24 outubro 2007

IDENTIDADES EM FÚRIA

MARCELO COELHO

As manifestações que têm aparecido na esfera pública estão perdendo o caráter propositivo

Meiose, Mitose, cissiparidade: os nomes eu não lembro direito, mas nas aulas de biologia do colégio o assunto era explicado em detalhes.
Sei que as células se dividem aos poucos, que no começo há uma duplicação dos cromossomos. Guardo a imagem de uns desenhos em que, como forquilhas ou asas de libélula, eles se organizavam em pares.
O núcleo da célula se estendia e só no fim desse processo o citoplasma e a membrana celular se rompiam, criando duas células onde só havia uma.
Nos últimos tempos venho tendo a impressão de que a sociedade brasileira passa por um mecanismo semelhante. Claro, sempre houve divisões entre pobres e ricos, brancos e negros, Sul e Nordeste. Mas o que antes era um dado permanente, uma característica crônica da estrutura social, parece que agora vai se pondo em movimento: os cromossomos se "pareiam", as metades se encaram frente a frente, replicam-se, refletem-se e tomam distância umas das outras.
Há várias linhas de divisão, e parecem acentuar-se a cada dia. Não faz muito tempo, simpatizantes do PT e do PSDB recebiam apenas o nome de "petistas" e "tucanos". Agora, "petralhas" e "tucanalhas" são termos que passaram ao uso comum.
Sempre tivemos adeptos de várias religiões em nosso território; acostumei-me a um estado de coisas em que uma pessoa não se metia com a outra nesse tipo de assunto. Entretanto, se a rivalidade entre evangélicos, católicos e adeptos do candomblé começa a ser não apenas "vivida" e "sentida", mas também "explicitada" e "vocalizada", tenho medo de que daqui a um tempo estejamos num verdadeiro pandemônio.
A polêmica em torno do Rolex de Luciano Huck é sem dúvida outro exemplo em que a "vocalização" das diferenças sociais adquiriu grande estridência, sem que as partes envolvidas tivessem tanto assim o que dizer.
Claro que a lei vale para todos; claro que há desemprego, droga e desigualdade.

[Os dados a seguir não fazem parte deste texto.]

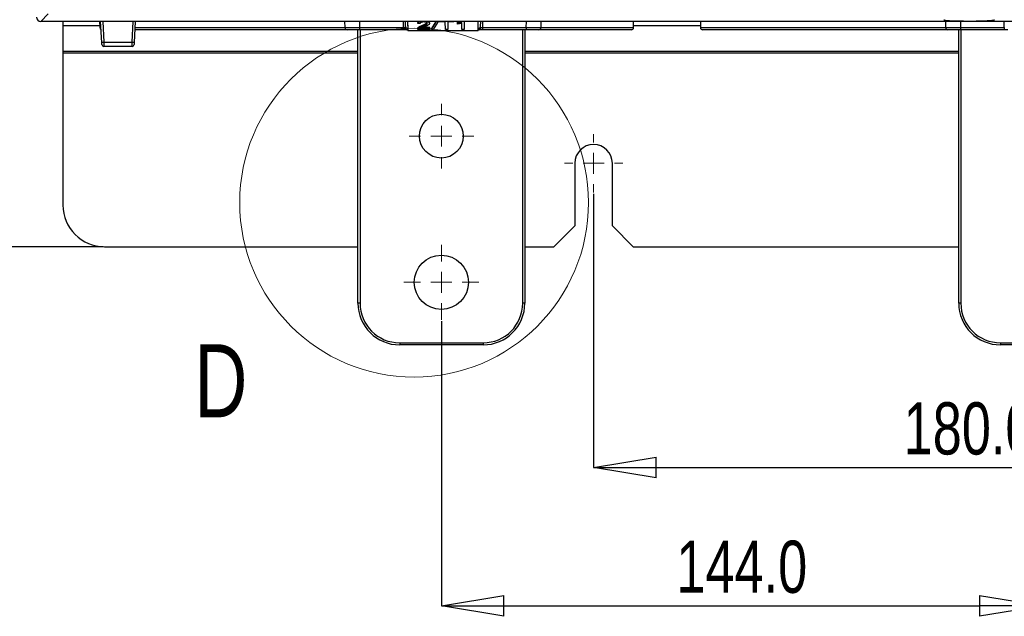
# Paper-space layout 'Sheet1' of a CAD drawing. Header units: millimetres. Extents: x -7 to 413, y -20 to 277.
# Tile 22 of 105: x 34 to 81, y 112 to 140. Entities that reach past the tile are written whole.
import ezdxf

# ---------------------------------------------------------------- set-up
doc = ezdxf.new("R2010")
doc.units = ezdxf.units.MM
doc.header["$PDSIZE"] = -1
doc.styles.add('SLDTEXTSTYLE1', font='TXT', dxfattribs={"width": 0.75})
doc.dimstyles.new('SLDDIMSTYLE1', dxfattribs={"dimtxt": 2.5, "dimasz": 3, "dimexe": 0, "dimexo": 0.0625, "dimtad": 1, "dimdec": 1, "dimlfac": 5, "dimrnd": 1e-09, "dimzin": 4, "dimdsep": 46, "dimtxsty": 'SLDTEXTSTYLE1', "dimblk1": 'CLOSED', "dimblk2": 'CLOSED', "dimsah": 1, "dimcen": 0.09, "dimadec": 0, "dimazin": 1, "dimtfac": 1, "dimtofl": 0, "dimtmove": 0, "dimatfit": 3, "dimldrblk": 'CLOSED', "dimfxl": 1, "dimfrac": 2, "dimtolj": 1, "dimtzin": 12, "dimarcsym": 0})

# ---------------------------------------------------------------- blocks, each defined once
blk = doc.blocks.new('_Closed')
at = {"color": 0, "linetype": 'ByBlock', "lineweight": -2}
for p, q in [((-1, 0.166667), (0, 0)), ((-1, 0.166667), (-1, -0.166667)), ((0, 0), (-1, -0.166667)), ((0, 0), (-1, 0))]:
    blk.add_line(p, q, dxfattribs=at)
blk = doc.blocks.new('_D_2')
at = {"color": 0, "linetype": 'Continuous', "lineweight": -2}
for p, q in [((61.277, 132.003), (61.277, 118.888)), ((97.277, 132.003), (97.277, 118.888)), ((64.277, 118.888), (94.277, 118.888))]:
    blk.add_line(p, q, dxfattribs=at)
at = {"layer": 'Defpoints', "color": 0}
for p in [(61.277, 132.065), (97.277, 132.065), (97.277, 118.888)]:
    blk.add_point(p, dxfattribs=at)
at = {"color": 0, "lineweight": -2, "xscale": 3, "yscale": 3, "zscale": 3, "rotation": 180}
blk.add_blockref('_Closed', (61.277, 118.888), dxfattribs=at)
at = {"color": 0, "lineweight": -2, "xscale": 3, "yscale": 3, "zscale": 3}
blk.add_blockref('_Closed', (97.277, 118.888), dxfattribs=at)
at = {"color": 0, "lineweight": 18, "insert": (79.277, 122.013), "char_height": 2.5, "attachment_point": 2, "style": 'SLDTEXTSTYLE1'}
blk.add_mtext('\\A1;180.0', dxfattribs=at)
blk = doc.blocks.new('_D_3')
at = {"color": 0, "linetype": 'Continuous', "lineweight": -2}
for p, q in [((53.982, 125.903), (53.982, 112.26)), ((82.782, 125.903), (82.782, 112.26)), ((56.982, 112.26), (79.782, 112.26))]:
    blk.add_line(p, q, dxfattribs=at)
at = {"layer": 'Defpoints', "color": 0}
for p in [(53.982, 125.965), (82.782, 125.965), (82.782, 112.26)]:
    blk.add_point(p, dxfattribs=at)
at = {"color": 0, "lineweight": -2, "xscale": 3, "yscale": 3, "zscale": 3, "rotation": 180}
blk.add_blockref('_Closed', (53.982, 112.26), dxfattribs=at)
at = {"color": 0, "lineweight": -2, "xscale": 3, "yscale": 3, "zscale": 3}
blk.add_blockref('_Closed', (82.782, 112.26), dxfattribs=at)
at = {"color": 0, "lineweight": 18, "insert": (68.382, 115.385), "char_height": 2.5, "attachment_point": 2, "style": 'SLDTEXTSTYLE1'}
blk.add_mtext('\\A1;144.0', dxfattribs=at)
blk = doc.blocks.new('_D_8')
at = {"color": 0, "linetype": 'Continuous', "lineweight": -2}
for p, q in [((37.774, 243.865), (21.01, 243.865)), ((21.01, 240.865), (21.01, 132.465)), ((37.774, 129.465), (21.01, 129.465))]:
    blk.add_line(p, q, dxfattribs=at)
at = {"layer": 'Defpoints', "color": 0}
for p in [(37.837, 243.865), (21.01, 129.465), (37.837, 129.465)]:
    blk.add_point(p, dxfattribs=at)
at = {"color": 0, "lineweight": -2, "xscale": 3, "yscale": 3, "zscale": 3}
for p, rotation in [((21.01, 243.865), 90), ((21.01, 129.465), 270)]:
    blk.add_blockref('_Closed', p, dxfattribs=dict(at, rotation=rotation))
at = {"color": 0, "lineweight": 18, "insert": (17.885, 186.665), "char_height": 2.5, "attachment_point": 2, "rotation": 90, "style": 'SLDTEXTSTYLE1'}
blk.add_mtext('\\A1;572.0', dxfattribs=at)
blk = doc.blocks.new('SW_CENTERMARKSYMBOL_0')
at = {"color": 0, "linetype": 'Continuous', "lineweight": 18}
for p, q in [((0, 1), (0, 1.8)), ((0, 0), (0, 0.5)), ((-1, 0), (-1.8, 0)), ((0, 0), (-0.5, 0)), ((0, 0), (0, -0.5)), ((0, 0), (0.5, 0)), ((1, 0), (1.8, 0)), ((0, -1), (0, -1.8))]:
    blk.add_line(p, q, dxfattribs=at)
blk = doc.blocks.new('SW_CENTERMARKSYMBOL_1')
at = {"color": 0, "linetype": 'Continuous', "lineweight": 18}
for p, q in [((0, 1), (0, 1.55)), ((0, 0), (0, 0.5)), ((-1, 0), (-1.55, 0)), ((0, 0), (-0.5, 0)), ((0, 0), (0, -0.5)), ((0, 0), (0.5, 0)), ((1, 0), (1.55, 0)), ((0, -1), (0, -1.55))]:
    blk.add_line(p, q, dxfattribs=at)
blk = doc.blocks.new('SW_CENTERMARKSYMBOL_7')
at = {"color": 0, "linetype": 'Continuous', "lineweight": 18}
for p, q in [((0, 1), (0, 1.4)), ((0, 0), (0, 0.5)), ((-1, 0), (-1.4, 0)), ((0, 0), (-0.5, 0)), ((0, 0), (0, -0.5)), ((0, 0), (0.5, 0)), ((1, 0), (1.4, 0)), ((0, -1), (0, -1.4))]:
    blk.add_line(p, q, dxfattribs=at)

psp = doc.layouts.new('Sheet1')

# ---------------------------------------------------------------- linework, layer by layer
at = {"color": 7, "linetype": 'Continuous', "lineweight": 25}
for p, q in [((35.129, 140.618), (34.776, 140.265)), ((123.777, 140.265), (34.776, 140.265)), ((35.837, 140.265), (35.837, 140.062)), ((37.599, 140.265), (37.601, 139.965)), ((37.698, 139.259), (37.645, 140.265)), ((39.308, 140.265), (39.256, 139.259)), ((49.361, 139.965), (49.359, 140.265)), ((52.266, 140.021), (52.263, 140.265)), ((52.363, 140.265), (52.365, 139.931)), ((52.363, 140.265), (52.367, 139.829)), ((52.854, 140.167), (52.854, 140.211)), ((53.414, 140.169), (53.414, 140.213)), ((53.715, 140.265), (53.504, 139.916)), ((53.504, 139.872), (53.742, 140.265)), ((53.834, 140.265), (53.589, 139.872)), ((53.88, 140.236), (53.88, 140.265)), ((54.168, 140.236), (53.88, 140.236)), ((54.172, 139.872), (54.168, 140.236)), ((54.291, 140.236), (54.288, 139.872)), ((54.58, 140.236), (54.291, 140.236)), ((54.58, 140.265), (54.58, 140.236)), ((54.757, 140.179), (54.757, 140.223)), ((54.968, 139.872), (54.965, 140.194)), ((55.076, 140.265), (55.073, 139.872)), ((55.747, 139.829), (55.751, 140.265)), ((55.748, 139.931), (55.751, 140.265)), ((55.85, 140.265), (55.848, 140.021)), ((58.755, 140.265), (58.752, 139.965)), ((63.192, 139.965), (63.195, 140.265)), ((66.399, 140.265), (66.401, 139.965)), ((78.161, 139.965), (78.159, 140.265)), ((35.837, 140.062), (35.837, 138.843)), ((49.461, 139.865), (39.287, 139.865)), ((50.061, 139.865), (49.461, 139.865)), ((49.982, 126.765), (49.982, 139.865)), ((50.061, 139.965), (52.166, 139.965)), ((50.061, 139.965), (50.061, 139.865)), ((52.166, 139.865), (50.061, 139.865)), ((52.166, 139.965), (52.166, 139.865)), ((52.339, 139.865), (52.166, 139.865)), ((52.366, 139.865), (52.339, 139.865)), ((52.365, 139.931), (52.366, 139.865)), ((52.367, 139.829), (52.366, 139.865)), ((52.367, 139.829), (55.747, 139.829)), ((52.845, 139.872), (52.844, 139.916)), ((53.423, 139.872), (52.845, 139.872)), ((52.964, 140.162), (52.854, 140.167)), ((52.856, 139.905), (52.856, 139.949)), ((52.978, 139.92), (53.423, 139.92)), ((53.062, 140.023), (53.061, 140.067)), ((53.424, 139.964), (53.069, 139.964)), ((53.423, 139.92), (53.424, 139.964)), ((53.423, 139.92), (53.423, 139.872)), ((53.504, 139.872), (53.504, 139.916)), ((53.589, 139.872), (53.504, 139.872)), ((54.288, 139.872), (54.172, 139.872)), ((54.758, 140.133), (54.757, 140.179)), ((55.073, 139.872), (54.968, 139.872)), ((55.747, 139.829), (55.748, 139.865)), ((55.748, 139.865), (55.748, 139.931)), ((55.775, 139.865), (55.748, 139.865)), ((55.948, 139.865), (55.775, 139.865)), ((55.948, 139.965), (55.948, 139.865)), ((55.948, 139.965), (58.053, 139.965)), ((58.053, 139.865), (55.948, 139.865)), ((57.982, 139.865), (57.982, 126.765)), ((58.053, 139.965), (58.053, 139.865)), ((58.652, 139.865), (58.053, 139.865)), ((63.092, 139.865), (58.664, 139.865)), ((78.261, 139.865), (66.501, 139.865)), ((78.861, 139.865), (78.261, 139.865)), ((78.782, 126.765), (78.782, 139.865)), ((78.861, 139.965), (80.966, 139.965)), ((78.861, 139.965), (78.861, 139.865)), ((80.966, 139.865), (78.861, 139.865)), ((80.966, 139.965), (80.966, 139.865)), ((81.139, 139.865), (80.966, 139.865)), ((37.798, 139.264), (39.156, 139.264)), ((35.837, 138.843), (35.837, 138.763)), ((39.151, 139.065), (37.803, 139.065)), ((35.837, 138.763), (35.837, 131.465)), ((60.377, 133.465), (60.377, 130.465)), ((62.177, 130.465), (62.177, 133.465)), ((59.377, 129.465), (60.377, 130.465)), ((62.177, 130.465), (63.177, 129.465)), ((37.837, 129.465), (49.982, 129.465)), ((57.982, 129.465), (59.377, 129.465)), ((63.177, 129.465), (78.782, 129.465)), ((50.082, 126.765), (49.982, 126.765)), ((57.982, 126.765), (57.882, 126.765)), ((78.882, 126.765), (78.782, 126.765)), ((51.982, 124.865), (55.982, 124.865)), ((51.982, 124.865), (51.982, 124.765)), ((55.982, 124.765), (51.982, 124.765)), ((55.982, 124.865), (55.982, 124.765)), ((80.782, 124.865), (84.782, 124.865)), ((80.782, 124.865), (80.782, 124.765)), ((84.782, 124.765), (80.782, 124.765))]:
    psp.add_line(p, q, dxfattribs=at)
at = {"color": 8, "linetype": 'Continuous', "lineweight": 25}
for p, q in [((37.746, 140.265), (37.798, 139.264)), ((39.156, 139.264), (39.208, 140.265)), ((50.059, 140.265), (50.061, 139.965)), ((52.166, 139.965), (52.163, 140.265)), ((55.95, 140.265), (55.948, 139.965)), ((58.053, 139.965), (58.055, 140.265)), ((78.859, 140.265), (78.861, 139.965)), ((80.966, 139.965), (80.963, 140.265)), ((35.837, 140.062), (37.6, 140.062)), ((37.601, 139.965), (37.661, 139.965)), ((39.293, 139.965), (49.361, 139.965)), ((50.082, 139.865), (50.082, 126.765)), ((57.882, 126.765), (57.882, 139.865)), ((58.752, 139.965), (63.192, 139.965)), ((63.193, 140.062), (66.4, 140.062)), ((66.401, 139.965), (78.161, 139.965)), ((78.882, 139.865), (78.882, 126.765)), ((35.837, 138.843), (49.982, 138.843)), ((57.982, 138.843), (78.782, 138.843)), ((35.837, 138.763), (49.982, 138.763)), ((57.982, 138.763), (78.782, 138.763))]:
    psp.add_line(p, q, dxfattribs=at)
at = {"color": 7, "linetype": 'Continuous', "lineweight": 25, "flags": 128}
for points in [[(37.703, 139.16), (37.703, 139.162), (37.703, 139.168), (37.702, 139.177), (37.702, 139.189), (37.701, 139.204), (37.7, 139.221), (37.699, 139.24), (37.698, 139.259)], [(37.798, 139.264), (37.799, 139.225), (37.8, 139.188), (37.801, 139.153), (37.802, 139.123), (37.802, 139.099), (37.803, 139.08), (37.803, 139.069), (37.803, 139.065)], [(39.151, 139.065), (39.151, 139.069), (39.151, 139.08), (39.151, 139.099), (39.152, 139.123), (39.153, 139.153), (39.154, 139.188), (39.155, 139.225), (39.156, 139.264)], [(39.256, 139.259), (39.255, 139.24), (39.254, 139.221), (39.253, 139.204), (39.252, 139.189), (39.251, 139.177), (39.251, 139.168), (39.25, 139.162), (39.25, 139.16)]]:
    psp.add_lwpolyline(points, dxfattribs=at)
at = {"color": 7, "linetype": 'Continuous', "lineweight": 18}
psp.add_circle((52.674, 131.58), 8.36, dxfattribs=at)
at = {"color": 7, "linetype": 'Continuous', "lineweight": 25}
for centre, radius in [((53.982, 134.765), 1.05), ((53.982, 127.765), 1.3)]:
    psp.add_circle(centre, radius, dxfattribs=at)
for centre, radius, start, end in [((37.701, 139.965), 0.1, 180.5, 249.4002), ((49.461, 139.965), 0.1, 180.5, 270), ((52.361, 140.027), 0.0957, 183.3439, 272.6868), ((55.753, 140.027), 0.0957, 267.3132, 356.6561), ((58.652, 139.965), 0.1, 270, 359.5), ((63.092, 139.965), 0.1, 270, 359.5), ((66.501, 139.965), 0.1, 180.5, 270), ((78.261, 139.965), 0.1, 180.5, 270), ((37.624, 142.113), 2.855, 271.4968, 273.5031), ((39.33, 142.112), 2.854, 266.4966, 268.5034), ((37.803, 139.165), 0.1, 183, 270), ((39.151, 139.165), 0.1, 270, 357), ((61.277, 133.465), 0.9, 0, 180), ((37.837, 131.465), 2, 180, 270), ((51.982, 126.765), 2, 180, 270), ((51.982, 126.765), 1.9, 180, 270), ((55.982, 126.765), 1.9, 270, 0), ((55.982, 126.765), 2, 270, 0), ((80.782, 126.765), 2, 180, 270), ((80.782, 126.765), 1.9, 180, 270)]:
    psp.add_arc(centre, radius, start, end, dxfattribs=at)
for centre, major_axis, ratio, start_param, end_param in [((34.777, 140.466), (-0.142, -0.142), 0.997265, 5.499157, 7.067214), ((79.277, 140.345), (1.215, 0), 0.052408, 3.312807, 6.009302), ((50.061, 139.965), (0.7, 0.001), 0.001247, 3.141602, 4.712322), ((52.166, 139.965), (0.1, -0.001), 0.008724, 4.712617, 5.622582), ((52.165, 140.022), (0.0994, -0.0121), 0.929702, 5.743717, 6.404472), ((52.165, 139.931), (0.2, 0), 0.461511, 5.544666, 6.288324), ((55.948, 139.931), (0.2, 0), 0.461511, 3.136454, 3.880112), ((55.948, 140.022), (0.0994, 0.0121), 0.929702, 3.020306, 3.681061), ((55.948, 139.965), (0.1, 0.001), 0.008724, 3.802196, 4.712161), ((58.052, 139.965), (0.7, -0.001), 0.001247, 4.712456, 6.283176), ((78.861, 139.965), (0.7, 0.001), 0.001247, 3.141602, 4.712322)]:
    psp.add_ellipse(centre, major_axis=major_axis, ratio=ratio, start_param=start_param, end_param=end_param, dxfattribs=at)
at = {"color": 8, "linetype": 'Continuous', "lineweight": 25}
for start_param, end_param in [(3.141135, 3.312807), (6.009302, 6.283643)]:
    psp.add_ellipse((79.277, 140.345), major_axis=(1.215, 0), ratio=0.052408, start_param=start_param, end_param=end_param, dxfattribs=at)
at = {"color": 7, "linetype": 'Continuous', "lineweight": 25}
for points, knots in [([(52.889, 140.265), (52.877, 140.254), (52.859, 140.236), (52.855, 140.218), (52.854, 140.211)], [0, 0, 0, 0, 0.657438, 1, 1, 1, 1]), ([(52.854, 140.167), (52.863, 140.188), (52.876, 140.22), (52.933, 140.253), (52.971, 140.262), (52.985, 140.265)], [0, 0, 0, 0, 0.5377958, 0.8253737, 1, 1, 1, 1]), ([(53.137, 140.236), (53.116, 140.236), (53.077, 140.235), (53.027, 140.223), (52.991, 140.207), (52.968, 140.186), (52.965, 140.171), (52.964, 140.162)], [0, 0, 0, 0, 0.227286, 0.414683, 0.602407, 0.78394, 1, 1, 1, 1]), ([(53.304, 140.168), (53.302, 140.177), (53.298, 140.194), (53.265, 140.215), (53.219, 140.23), (53.174, 140.236), (53.147, 140.236), (53.137, 140.236)], [0, 0, 0, 0, 0.230514, 0.47303, 0.683158, 0.88808, 1, 1, 1, 1]), ([(53.288, 140.265), (53.301, 140.262), (53.338, 140.254), (53.381, 140.23), (53.41, 140.199), (53.413, 140.178), (53.414, 140.169)], [0, 0, 0, 0, 0.158024, 0.451964, 0.768213, 1, 1, 1, 1]), ([(53.414, 140.213), (53.413, 140.227), (53.412, 140.245), (53.39, 140.261), (53.384, 140.265)], [0, 0, 0, 0, 0.735663, 1, 1, 1, 1]), ([(54.893, 140.265), (54.879, 140.259), (54.838, 140.243), (54.789, 140.231), (54.757, 140.223)], [0, 0, 0, 0, 0.362862, 1, 1, 1, 1]), ([(54.757, 140.179), (54.791, 140.188), (54.854, 140.204), (54.931, 140.233), (54.963, 140.255), (54.978, 140.265)], [0, 0, 0, 0, 0.389572, 0.722281, 1, 1, 1, 1]), ([(54.965, 140.194), (54.942, 140.185), (54.899, 140.167), (54.828, 140.148), (54.781, 140.138), (54.758, 140.133)], [0, 0, 0, 0, 0.383123, 0.698278, 1, 1, 1, 1]), ([(52.245, 139.964), (52.245, 139.964), (52.246, 139.954), (52.251, 139.933), (52.266, 139.904), (52.287, 139.88), (52.305, 139.873), (52.313, 139.869)], [0, 0, 0, 0, 0.009264, 0.237285, 0.492291, 0.746133, 1, 1, 1, 1]), ([(52.313, 139.869), (52.317, 139.868), (52.325, 139.866), (52.334, 139.866), (52.339, 139.865)], [0, 0, 0, 0, 0.51194, 1, 1, 1, 1]), ([(52.856, 139.949), (52.852, 139.944), (52.847, 139.935), (52.844, 139.923), (52.844, 139.918), (52.844, 139.916)], [0, 0, 0, 0, 0.524851, 0.793598, 1, 1, 1, 1]), ([(52.845, 139.872), (52.845, 139.877), (52.846, 139.885), (52.85, 139.897), (52.854, 139.902), (52.856, 139.905)], [0, 0, 0, 0, 0.459561, 0.729314, 1, 1, 1, 1]), ([(53.061, 140.067), (53.02, 140.051), (52.956, 140.026), (52.888, 139.986), (52.867, 139.962), (52.856, 139.949)], [0, 0, 0, 0, 0.480224, 0.735667, 1, 1, 1, 1]), ([(52.856, 139.905), (52.877, 139.926), (52.91, 139.959), (52.99, 139.996), (53.038, 140.014), (53.062, 140.023)], [0, 0, 0, 0, 0.44911, 0.725749, 1, 1, 1, 1]), ([(53.164, 140.001), (53.146, 139.994), (53.11, 139.98), (53.043, 139.955), (53.003, 139.934), (52.978, 139.92)], [0, 0, 0, 0, 0.271721, 0.543629, 1, 1, 1, 1]), ([(53.289, 140.182), (53.288, 140.181), (53.281, 140.165), (53.226, 140.137), (53.149, 140.101), (53.091, 140.078), (53.061, 140.067)], [0, 0, 0, 0, 0.0186713, 0.3308239, 0.667996, 1, 1, 1, 1]), ([(53.062, 140.023), (53.088, 140.033), (53.142, 140.055), (53.225, 140.091), (53.293, 140.129), (53.301, 140.159), (53.304, 140.168)], [0, 0, 0, 0, 0.253049, 0.512472, 0.838644, 1, 1, 1, 1]), ([(53.414, 140.169), (53.41, 140.153), (53.401, 140.119), (53.337, 140.074), (53.254, 140.036), (53.194, 140.012), (53.164, 140.001)], [0, 0, 0, 0, 0.2379598, 0.493368, 0.7452399, 1, 1, 1, 1]), ([(55.775, 139.865), (55.78, 139.866), (55.789, 139.866), (55.797, 139.868), (55.8, 139.869)], [0, 0, 0, 0, 0.516648, 1, 1, 1, 1]), ([(55.869, 139.964), (55.869, 139.964), (55.868, 139.954), (55.863, 139.933), (55.848, 139.904), (55.826, 139.88), (55.809, 139.873), (55.8, 139.869)], [0, 0, 0, 0, 0.009267, 0.237289, 0.492287, 0.746131, 1, 1, 1, 1])]:
    psp.add_open_spline(points, degree=3, knots=knots, dxfattribs=at)

# ---------------------------------------------------------------- block references
at = {"color": 7, "linetype": 'Continuous', "lineweight": 18}
for name, p in [('SW_CENTERMARKSYMBOL_1', (53.982, 134.765)), ('SW_CENTERMARKSYMBOL_7', (61.277, 133.465)), ('SW_CENTERMARKSYMBOL_0', (53.982, 127.765))]:
    psp.add_blockref(name, p, dxfattribs=at)

# ---------------------------------------------------------------- texts
at = {"color": 7, "linetype": 'Continuous', "lineweight": 18, "insert": (42.145, 124.797), "char_height": 3.5, "attachment_point": 1, "style": 'SLDTEXTSTYLE1'}
psp.add_mtext('D', dxfattribs=at)

# ---------------------------------------------------------------- dimensions: what is measured, and where the dimension line sits
at = {"color": 7, "linetype": 'Continuous', "lineweight": 18}
dim = psp.add_linear_dim(base=(21.01, 129.465), p1=(37.837, 243.865), p2=(37.837, 129.465), angle=90, dimstyle='SLDDIMSTYLE1', dxfattribs=at)
dim.commit()
dim.dimension.update_dxf_attribs({"geometry": '_D_8', "text_midpoint": (21.01, 186.665), "dimtype": 160})
for base, p1, p2, picture, middle in [((97.277, 118.888), (61.277, 132.065), (97.277, 132.065), '_D_2', (79.277, 118.888)), ((82.782, 112.26), (53.982, 125.965), (82.782, 125.965), '_D_3', (68.382, 112.26))]:
    dim = psp.add_linear_dim(base=base, p1=p1, p2=p2, dimstyle='SLDDIMSTYLE1', dxfattribs=at)
    dim.commit()
    dim.dimension.update_dxf_attribs({"geometry": picture, "text_midpoint": middle, "dimtype": 160})

doc.saveas('drawing.dxf')

Claro que é preciso haver ação social nas favelas, que é preciso prender infratores, que é preciso melhorar as condições dos presídios. Em tese, é fácil concordar com tudo isso.
Ocorre que a vontade de discordar tornou-se mais forte do que a de chegar a um consenso. É que as manifestações, os artigos, as entrevistas que ultimamente têm aparecido na esfera pública estão perdendo, a meu ver, o caráter geral, propositivo, civil que deveriam ter. Tornaram-se desabafos, manifestações de impaciência, de exasperação.
Mutatis mutandis, o "cansei" das elites é também o "senta o dedo" do capitão Nascimento, ou não sei que grito de guerra do gangsta rap em versão adaptada para a periferia paulistana.
Não se trata de alternativas políticas em confronto, nem mesmo de expressão de diferentes pontos de vista subjetivos: a forma dos debates, das polêmicas em curso, tem sido mais e mais calcada na questão das identidades sociais do que na das propostas políticas.
É como se importasse menos dizer "o que eu quero" e mais "quem eu sou". E a posição de cada um -se é negro, branco, pobre ou rico - conta mais do que o que cada um diz.
Faço essa avaliação sem querer exagerar no pessimismo. Na verdade, seria estranho que numa sociedade tão desigual todo debate transcorresse em clima de chá das cinco. Muitos setores que até recentemente não tiveram acesso a meios públicos de expressão conseguem, hoje, se fazer ouvir: internet, câmeras digitais, centros culturais estão ao alcance de mais pessoas, e não haverá de ser sem raiva o recado que têm a transmitir.
Ao mesmo tempo, entretanto, diminuiu o leque das alternativas políticas, das respostas ideológicas para os problemas a que se dá expressão. O resultado é uma espécie de radicalismo sem rumo, de extremismo em striptease, de terrorismo confessional, de provocação via computador.
Durante as eleições presidenciais o caso ficou bem claro: nos blogs e nos e-mails, adeptos de Lula e de Alckmin se entredevoravam com radicalidade assustadora; eram pouco perceptíveis, entretanto, as diferenças programáticas entre os candidatos. Mas um era um, e o outro era o outro; já era o bastante para ninguém se entender.
Nisso - numa questão de identidades, não de alternativas - parecem resumir-se muitas das polêmicas em curso. Se cada envolvido, narcisisticamente, procura apenas afirmar-se onde está, é natural que não se chegue a lugar nenhum.


*

Daqui a pouco perderemos nossa identidade.
Será que ainda conseguimos nos enxergar?